The Elusive Elston Howard Single-
PSA Near Mint 7
A major key to completing a number of single-signed baseball ball sets, this extremely scarce orb consistently appears on collectors' want lists. Along with the Roger Maris, an Elston Howard single signed baseball is essential to finishing the full set of 1961 Yankees, as well as the set of Retired Yankee Numbers (Babe Ruth is significantly easier to locate, for example). In the late 1980's, there was a 1961 Yankees Reunion Card Show, but of course neither Maris or Howard attended. The rest of the players from that team were there to sign baseballs (save Tony Kubek).
While Elston Howard singles are virtually non-existent, we have been fortunate to own two others in the past (few dealers have), both of which sold well in excess of $10,000 each. The last example to appear in auction, one we were not interested in purchasing due to its inferior condition (we demand quality) sold for $6,600 in 2017. That is how much demand there is and how little supply!
This wonderful example is graded 7/10 by PSA/DNA and features a full 3-inch sprawling example of his elaborate signature, which he placed in felt pen on the coveted sweet spot of a clean, snow white Wilson Little League Baseball. The black ink stamping and labeling is as dark as the day it was removed from its original box. We suspect the ball was signed during a game that he attended as a spectator while watching his son play youth ball.

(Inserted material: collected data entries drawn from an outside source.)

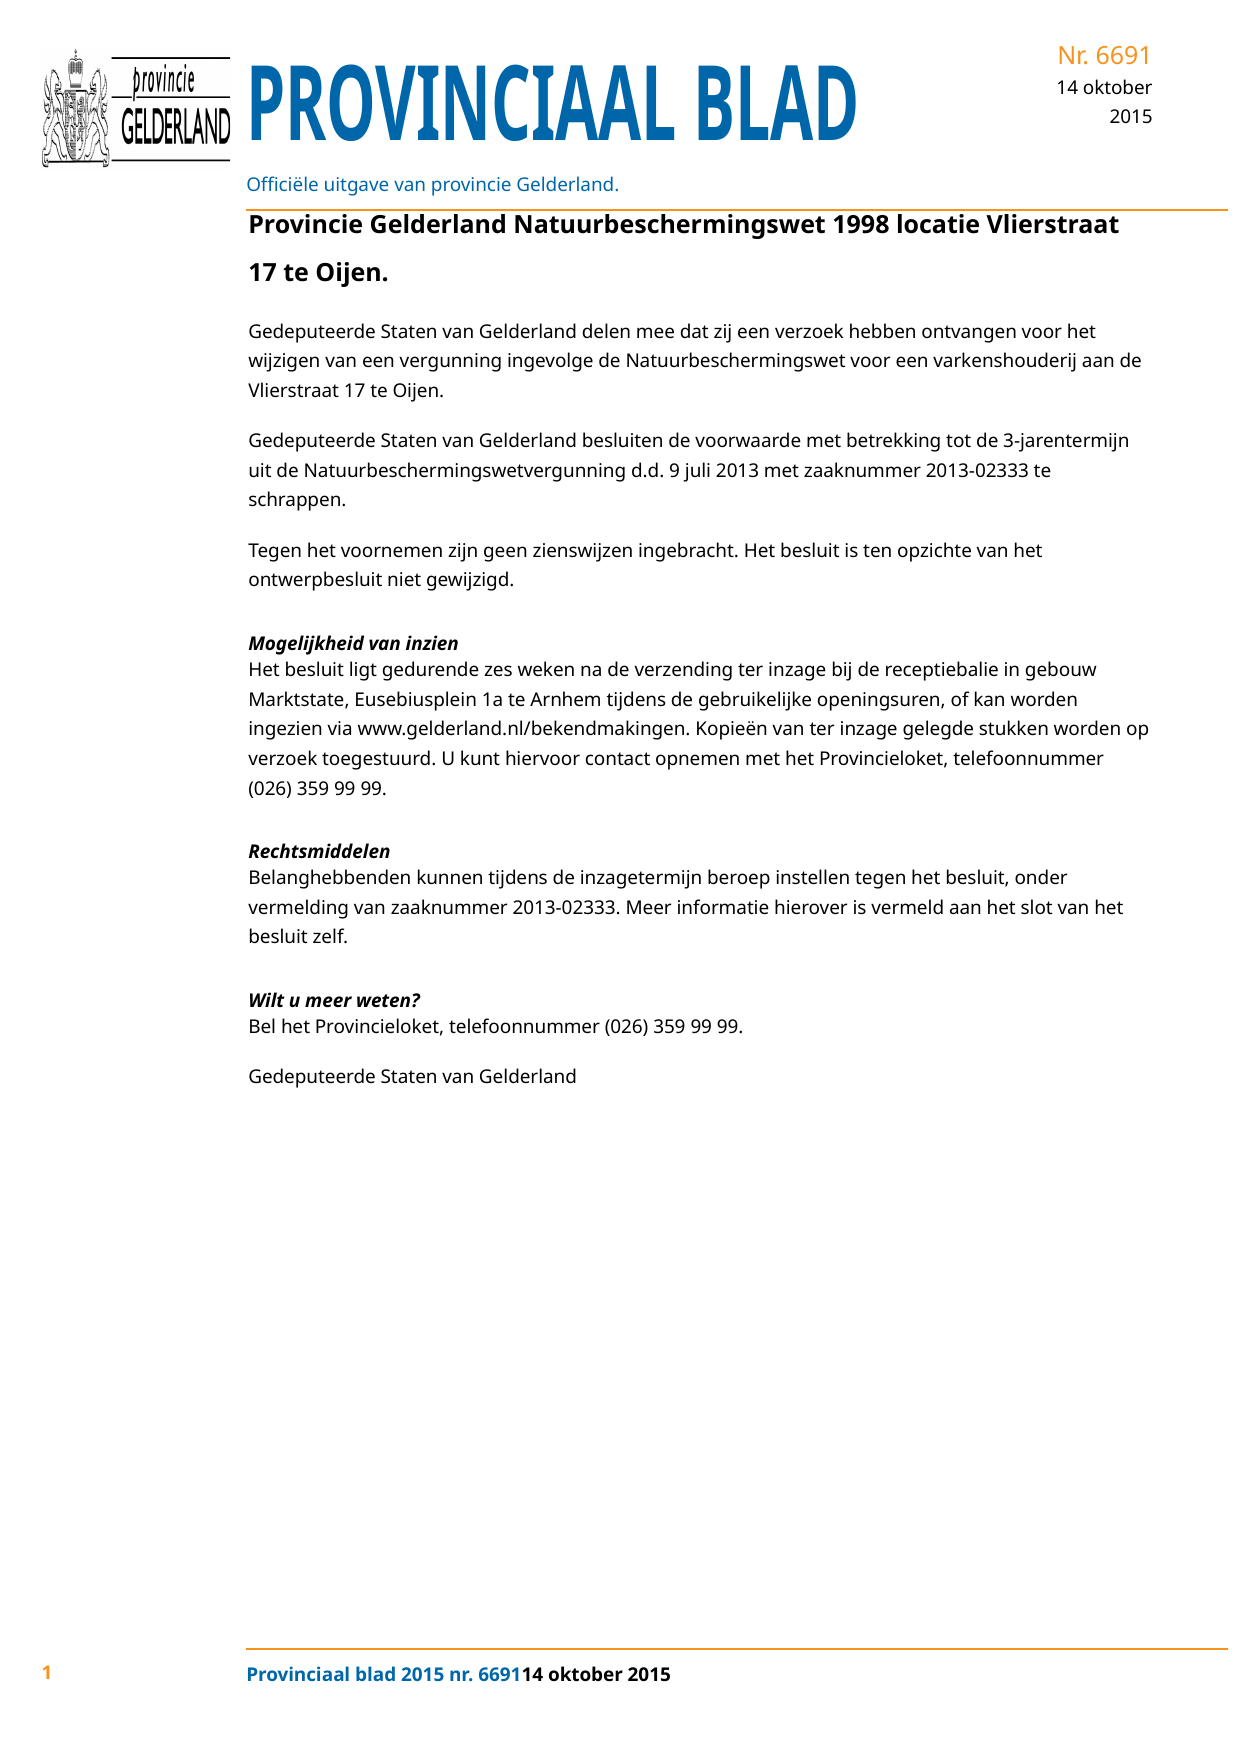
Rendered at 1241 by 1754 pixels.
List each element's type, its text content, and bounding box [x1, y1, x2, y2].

text Gedeputeerde Staten van Gelderland besluiten de voorwaarde met betrekking tot de 3-jarentermijn uit de Natuurbeschermingswetvergunning d.d. 9 juli 2013 met zaaknummer 2013-02333 te schrappen. [248, 427, 1152, 512]
text Rechtsmiddelen [248, 839, 1152, 864]
picture [41, 47, 231, 172]
text Provincie Gelderland Natuurbeschermingswet 1998 locatie Vlierstraat 17 te Oijen. [248, 211, 1152, 288]
text Gedeputeerde Staten van Gelderland [248, 1064, 1152, 1089]
text Belanghebbenden kunnen tijdens de inzagetermijn beroep instellen tegen het besluit, onder vermelding van zaaknummer 2013-02333. Meer informatie hierover is vermeld aan het slot van het besluit zelf. [248, 864, 1152, 949]
text Wilt u meer weten? [248, 987, 1152, 1013]
text Mogelijkheid van inzien [248, 631, 1152, 656]
text Tegen het voornemen zijn geen zienswijzen ingebracht. Het besluit is ten opzichte van het ontwerpbesluit niet gewijzigd. [248, 537, 1152, 592]
text Gedeputeerde Staten van Gelderland delen mee dat zij een verzoek hebben ontvangen voor het wijzigen van een vergunning ingevolge de Natuurbeschermingswet voor een varkenshouderij aan de Vlierstraat 17 te Oijen. [248, 318, 1152, 403]
text Het besluit ligt gedurende zes weken na de verzending ter inzage bij de receptiebalie in gebouw Marktstate, Eusebiusplein 1a te Arnhem tijdens de gebruikelijke openingsuren, of kan worden ingezien via www.gelderland.nl/bekendmakingen. Kopieën van ter inzage gelegde stukken worden op verzoek toegestuurd. U kunt hiervoor contact opnemen met het Provincieloket, telefoonnummer (026) 359 99 99. [248, 656, 1152, 800]
text Bel het Provincieloket, telefoonnummer (026) 359 99 99. [248, 1013, 1152, 1039]
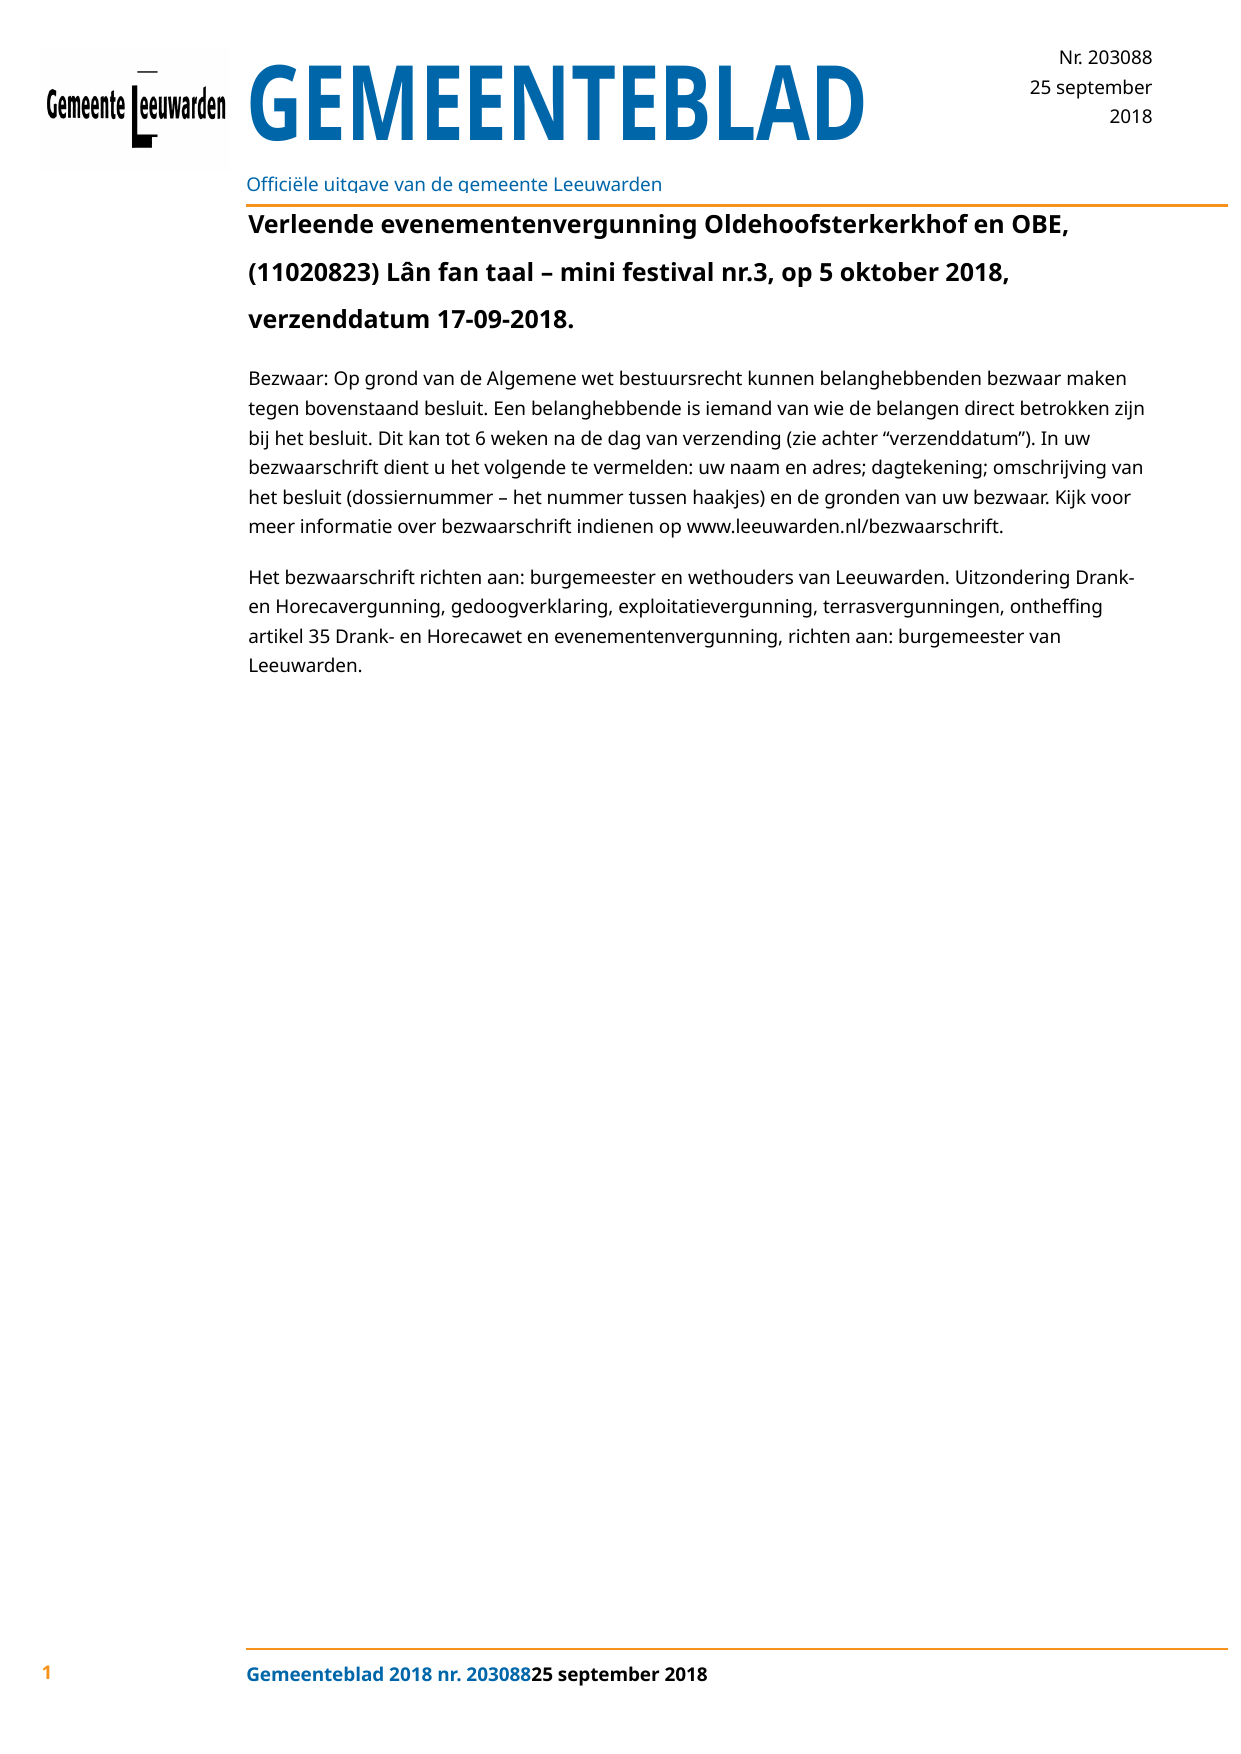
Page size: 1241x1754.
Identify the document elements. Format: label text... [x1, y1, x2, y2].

text Verleende evenementenvergunning Oldehoofsterkerkhof en OBE, (11020823) Lân fan taal – mini festival nr.3, op 5 oktober 2018, verzenddatum 17-09-2018. [248, 207, 1152, 336]
text Het bezwaarschrift richten aan: burgemeester en wethouders van Leeuwarden. Uitzondering Drank- en Horecavergunning, gedoogverklaring, exploitatievergunning, terrasvergunningen, ontheffing artikel 35 Drank- en Horecawet en evenementenvergunning, richten aan: burgemeester van Leeuwarden. [248, 564, 1152, 678]
picture [41, 47, 231, 172]
text Bezwaar: Op grond van de Algemene wet bestuursrecht kunnen belanghebbenden bezwaar maken tegen bovenstaand besluit. Een belanghebbende is iemand van wie de belangen direct betrokken zijn bij het besluit. Dit kan tot 6 weken na de dag van verzending (zie achter “verzenddatum”). In uw bezwaarschrift dient u het volgende te vermelden: uw naam en adres; dagtekening; omschrijving van het besluit (dossiernummer – het nummer tussen haakjes) en de gronden van uw bezwaar. Kijk voor meer informatie over bezwaarschrift indienen op www.leeuwarden.nl/bezwaarschrift. [248, 366, 1152, 539]

Elston Howard autographed memorabilia is perpetually in demand. This important Yankee passed away unexpectedly in 1980 at the young age of 51, long before baseball card shows and private event signings came to the hobby. Hence, the vast majority of autographed items extant are a result of those he gratuitously scripted for fans that waited for him after a game or hotel. Keep in mind that autograph collecting was not as popular as it became decades later. Virtually all of those autographs were on "flat" items, not baseballs - flat items were the easier medium.
About Elston Howard
"Ellie" Howard spent his early years catching for the K.C. Monarchs of the Negro League. Interestingly his roommate was Ernie Banks. The Yankees were "late to the party" in signing an African American player, which they finally did in 1955. Howard immediately made his mark, stepping into the lineup and batting .290 that season. By 1958 he was a .300 hitter, and by 1963 he was the American League's Most Valuable Player. In 1967 Yankee fans were disheartened when he was suddenly traded to the Red Sox during their famous "Impossible Dream" season. Elston played an important role and helped lead them to the World Series in which he caught all seven games.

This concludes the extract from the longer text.